**Activity**. Your answer should be each line of the entries that contains the word "depth", copied in full.
++++ Provided entries ++++
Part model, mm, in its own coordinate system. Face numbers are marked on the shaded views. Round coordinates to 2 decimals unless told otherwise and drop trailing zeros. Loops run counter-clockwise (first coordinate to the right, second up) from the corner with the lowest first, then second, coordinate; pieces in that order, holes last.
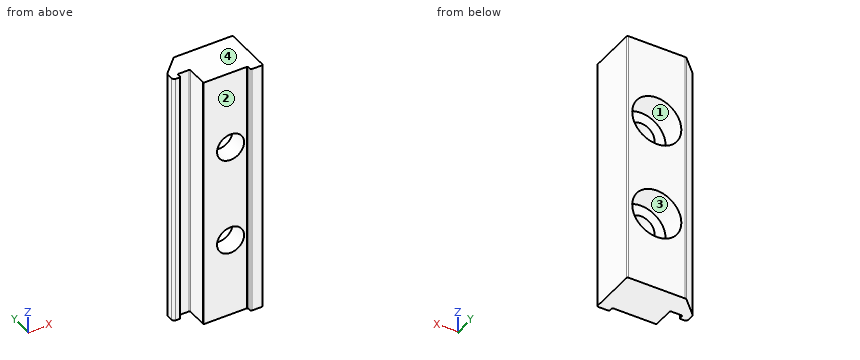
Autodesk Inventor part; units mm, degrees
ref_plane "KLEMMLEISTE_XY" through (-0.25, 0, 0) normal (0, 1, 0) x (1, 0, 0)
ref_plane "KLEMMLEISTE_YZ" through (-0.25, 0, 0) normal (1, 0, 0) x (0, 0, -1)
ref_plane "KLEMMLEISTE_ZX" through (-0.25, 0, 0) normal (0, 0, -1) x (0, 1, 0)
sketch "Sketch_4" plane through (0, 0, 0) normal (0, 0, 1) x (1, 0, 0)
  line L0 (-9.75, 6.2929) -> (-9.75, 5)
  arc A0 (-9.75, 5) -> (-9.25, 4.5) centre (-9.25, 5) ccw
  line L1 (-9.25, 4.5) -> (-8.45, 4.5)
  arc A1 (-8.45, 4.5) -> (-8.25, 4.7) centre (-8.45, 4.7) ccw
  line L2 (-8.25, 4.7) -> (-8.25, 5.3)
  arc A2 (-8.05, 5.5) -> (-8.25, 5.3) centre (-8.05, 5.3) ccw
  line L3 (-8.05, 5.5) -> (-5.95, 5.5)
  arc A3 (-5.75, 5.3) -> (-5.95, 5.5) centre (-5.95, 5.3) ccw
  line L4 (-5.75, 5.3) -> (-5.75, 1.2)
  arc A4 (-5.75, 1.2) -> (-5.55, 1) centre (-5.55, 1.2) ccw
  line L5 (-5.55, 1) -> (3.05, 1)
  arc A5 (3.25, 0.8) -> (3.05, 1) centre (3.05, 0.8) ccw
  line L6 (3.25, 0.8) -> (3.25, 0.2)
  arc A6 (3.25, 0.2) -> (3.45, 0) centre (3.45, 0.2) ccw
  line L7 (3.45, 0) -> (5.55, 0)
  arc A7 (5.55, 0) -> (5.75, 0.2) centre (5.55, 0.2) ccw
  line L8 (5.75, 0.2) -> (5.75, 9.8)
  arc A8 (5.75, 9.8) -> (5.55, 10) centre (5.55, 9.8) ccw
  line L9 (5.55, 10) -> (-6.0429, 10)
  arc A9 (-6.0429, 10) -> (-6.3964, 9.8536) centre (-6.0429, 9.5) ccw
  line L10 (-6.3964, 9.8536) -> (-9.6036, 6.6464)
  arc A10 (-9.6036, 6.6464) -> (-9.75, 6.2929) centre (-9.25, 6.2929) ccw
extrude "Extrusion1" add sketch "Sketch_4" along normal mid plane 52
sketch "Sketch2" plane through (-6.0429, 10, 26) normal (0, 1, 0) x (1, 0, 0)
  point P0 (5.7929, 36)
hole "Hole1" at (-0.25, 10, -10) direction (0, -1, 0) diameter 5.5 depth 10 counterbore diameter 10 counterbore depth 5.2
sketch "Sketch3" plane through (-6.0429, 10, 26) normal (0, 1, 0) x (1, 0, 0)
  point P0 (5.7929, 16)
hole "Hole2" at (-0.25, 10, 10) direction (0, -1, 0) diameter 5.5 depth 10 counterbore diameter 10 counterbore depth 5.2
ref_plane "KLEMMLEISTE_XY" through (-0.25, 0, 0) normal (0, 1, 0) x (1, 0, 0)
ref_plane "KLEMMLEISTE_YZ" through (-0.25, 0, 0) normal (1, 0, 0) x (0, 0, -1)
ref_plane "KLEMMLEISTE_ZX" through (-0.25, 0, 0) normal (0, 0, -1) x (0, 1, 0)
ref_plane "SCHRAUBE_1_XY" through (-0.25, 4.8, -10) normal (0, 1, 0) x (1, 0, 0)
ref_plane "SCHRAUBE_1_YZ" through (-0.25, 4.8, -10) normal (1, 0, 0) x (0, 0, -1)
ref_plane "SCHRAUBE_1_ZX" through (-0.25, 4.8, -10) normal (0, 0, -1) x (0, 1, 0)
ref_plane "SCHRAUBE_2_XY" through (-0.25, 4.8, 10) normal (0, 1, 0) x (1, 0, 0)
ref_plane "SCHRAUBE_2_YZ" through (-0.25, 4.8, 10) normal (1, 0, 0) x (0, 0, -1)
ref_plane "SCHRAUBE_2_ZX" through (-0.25, 4.8, 10) normal (0, 0, -1) x (0, 1, 0)
properties part number "722624 MUE-70/80P1"
1) Slice it at A-A, the plane x = -0.25. Give the cut face in (y, z), then the cut area to 3 significant figures.
Values:
outline: (1, -26) - (10, -26) - (10, -15) - (4.8, -15) - (4.8, -12.75) - (1, -12.75) - close; (1, -7.25) - (4.8, -7.25) - (4.8, -5) - (10, -5) - (10, 5) - (4.8, 5) - (4.8, 7.25) - (1, 7.25) - close; (1, 12.75) - (4.8, 12.75) - (4.8, 15) - (10, 15) - (10, 26) - (1, 26) - close
area: 322 mm2
2) Slice it at D-D, the plane z = 18. Give the cut face in (x, y).
Values:
outline: (-9.75, 5) arc R0.5 ccw to (-9.25, 4.5) - (-8.45, 4.5) arc R0.2 ccw to (-8.25, 4.7) - (-8.25, 5.3) arc R0.2 cw to (-8.05, 5.5) - (-5.95, 5.5) arc R0.2 cw to (-5.75, 5.3) - (-5.75, 1.2) arc R0.2 ccw to (-5.55, 1) - (3.05, 1) arc R0.2 cw to (3.25, 0.8) - (3.25, 0.2) arc R0.2 ccw to (3.45, 0) - (5.55, 0) arc R0.2 ccw to (5.75, 0.2) - (5.75, 9.8) arc R0.2 ccw to (5.55, 10) - (-6.04, 10) arc R0.5 ccw to (-6.4, 9.85) - (-9.6, 6.65) arc R0.5 ccw to (-9.75, 6.29) - close
3) Slice it at C-C, the plane y = 3.75. Give the cut face in (x, z), then the cut area to 3 significant figures.
Values:
outline: (-5.75, -26) - (5.75, -26) - (5.75, 26) - (-5.75, 26) - close; hole circle Ø5.5 at (-0.25, -10); hole circle Ø5.5 at (-0.25, 10)
area: 550 mm2
4) Wall check: line 1 along Z through (x, y) = (-0.25, 2.3); line 2 along Z through (x, y) = (-0.25, 7); line 3 along Y through (x, z) = (-4, 15). Give the ranges that are in metal, low to high.
Values:
line 1: z = -26 to -12.75, -7.25 to 7.25, 12.75 to 26
line 2: z = -26 to -15, -5 to 5, 15 to 26
line 3: y = 1 to 10
5) Drop flat-ended pins along their axis: pin 1 Ø0.5 at (y, z) = (0.5, 5.5) entering from -X; pin 2 Ø0.6 at (x, z) = (-9, 5) entering from -Y; pin 3 Ø1.7 at (x, z) = (-7, 7) entering from -Y. Give the stop position or say it passes through.
Values:
pin 1: stops at x = 3.25
pin 2: stops at y = 4.5
pin 3: stops at y = 5.5
6) Mould opens along Z. For the marked faces 1, 2, 3 and 4 say: released by +Z, released by -Z, zero draft, split by the parting line, or undercut.
Values:
face 1: undercut
face 2: zero draft
face 3: undercut
face 4: released by +Z
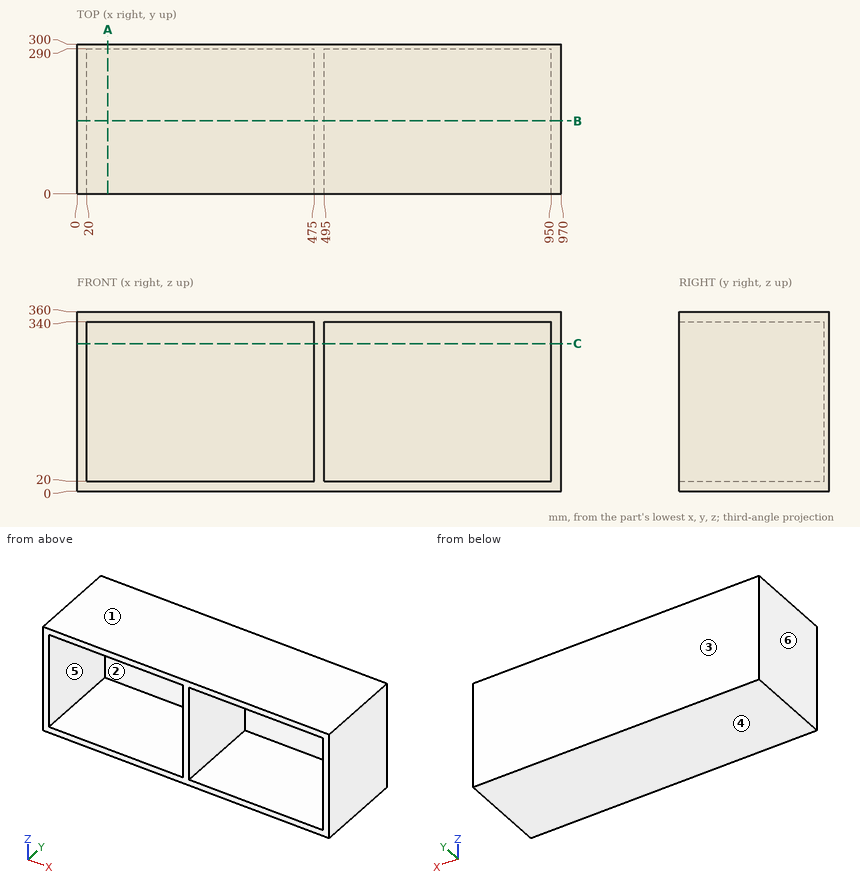
Source: three-view drawing plus pictorial views. Frame: mm from the lowest corner of the part. A direction names the side the tool comes from. Round coordinates to 2 decimals unless told otherwise and drop trailing zeros. Order: outer loops, then holes, each group sorted by start corner. A loop starts at its lowest first (then second) coordinate and runs counter-clockwise, first axis right, second up. Notation, with made-up numbers: M -28,15.25 L 31,15.25 A27 cw 31,32.25 Z; hole C 36,-12 d2. An arc over 180 degrees is marked long. One line per item, written item: value.
(1) Cut plane C-C (z = 296). Return the cut outline in (x, y), and give its area (3 significant figures).
Result sheet:
outline: M 0,0 L 20,0 L 20,290 L 475,290 L 475,0 L 495,0 L 495,290 L 950,290 L 950,0 L 970,0 L 970,300 L 0,300 Z
area: 27,100 mm2
(2) Pull-direction query (Z, two-part tool) for the marked faces 1, 2, 3 and 4; classes: pulls with the +Z half, pulls with the -Z half, needs draft (parallel to the pull), parting line crosses it, or undercut.
Result sheet:
face 1: pulls with the +Z half
face 2: undercut
face 3: needs draft
face 4: pulls with the -Z half
(3) Line query: probe 1 along X at (y, z) = (246, 170); probe 2 along Z at (x, y) = (443, 58); probe 3 along Y at (x, z) = (58, 248.5). Output: solid intervals per line, ascending. Write a range as [from, to].
Result sheet:
probe 1: [0, 20], [475, 495], [950, 970]
probe 2: [0, 20], [340, 360]
probe 3: [290, 300]
(4) Cut plane B-B (y = 146). Return the cut outline in (x, z), and give its area (3 significant figures).
Result sheet:
outline: M 0,0 L 970,0 L 970,360 L 0,360 Z; hole M 20,20 L 475,20 L 475,340 L 20,340 Z; hole M 495,20 L 950,20 L 950,340 L 495,340 Z
area: 58,000 mm2
(5) Reachability of the marked faces 5 and 6 from +Z, -Z, +X, -X, +Y, -Y: full face, straight path, thin tool, end or side. Return the list, or none.
Result sheet:
face 5: -Y
face 6: +Z, -Z, -X, +Y, -Y
(6) Pin query (flat end, axial travel): P1, Ø3, axis at x = 727, y = 73.5, coming from the -Z side; P2, Ø10, axis at x = 604, z = 150, coming from the -Y side. Return the tip coordinate at first contact, or that it passes through.
Result sheet:
P1: z = 0
P2: y = 290
(7) Cut plane A-A (x = 62). Return the cut outline in (y, z), and give its area (3 significant figures).
Result sheet:
outline: M 0,0 L 300,0 L 300,360 L 0,360 L 0,340 L 290,340 L 290,20 L 0,20 Z
area: 15,200 mm2
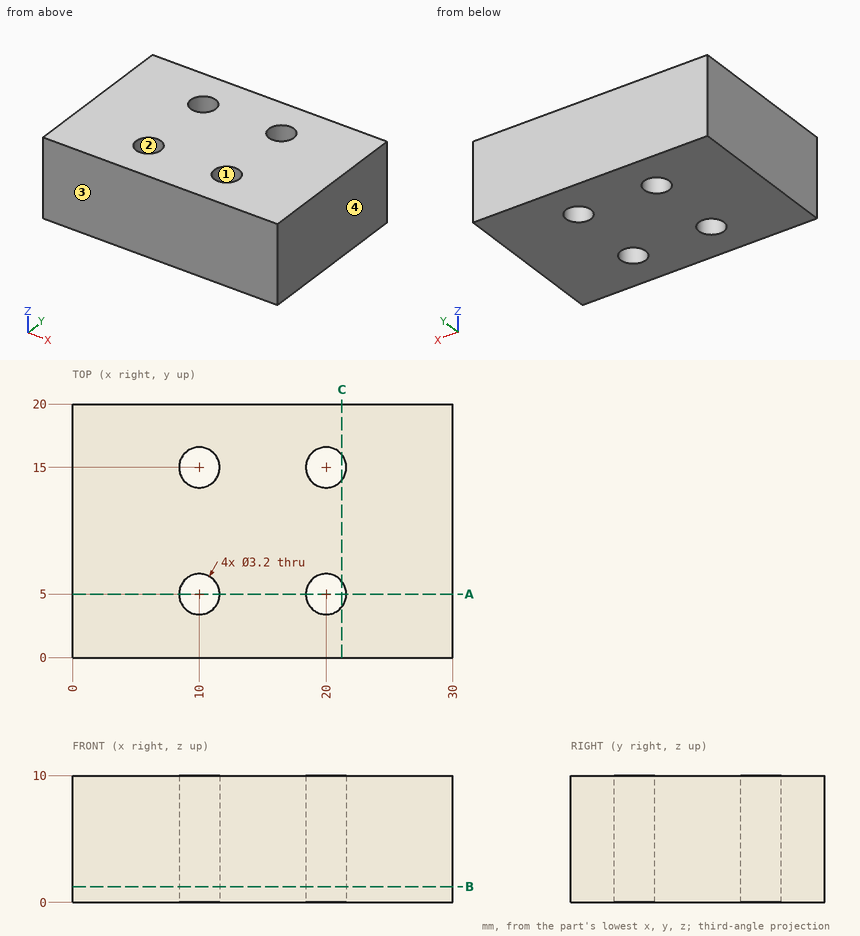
++++
**Exercise output**.
hole "Hole1" at (-0.25, 10, -10) direction (0, -1, 0) diameter 5.5 depth 10 counterbore diameter 10 counterbore depth 5.2
hole "Hole2" at (-0.25, 10, 10) direction (0, -1, 0) diameter 5.5 depth 10 counterbore diameter 10 counterbore depth 5.2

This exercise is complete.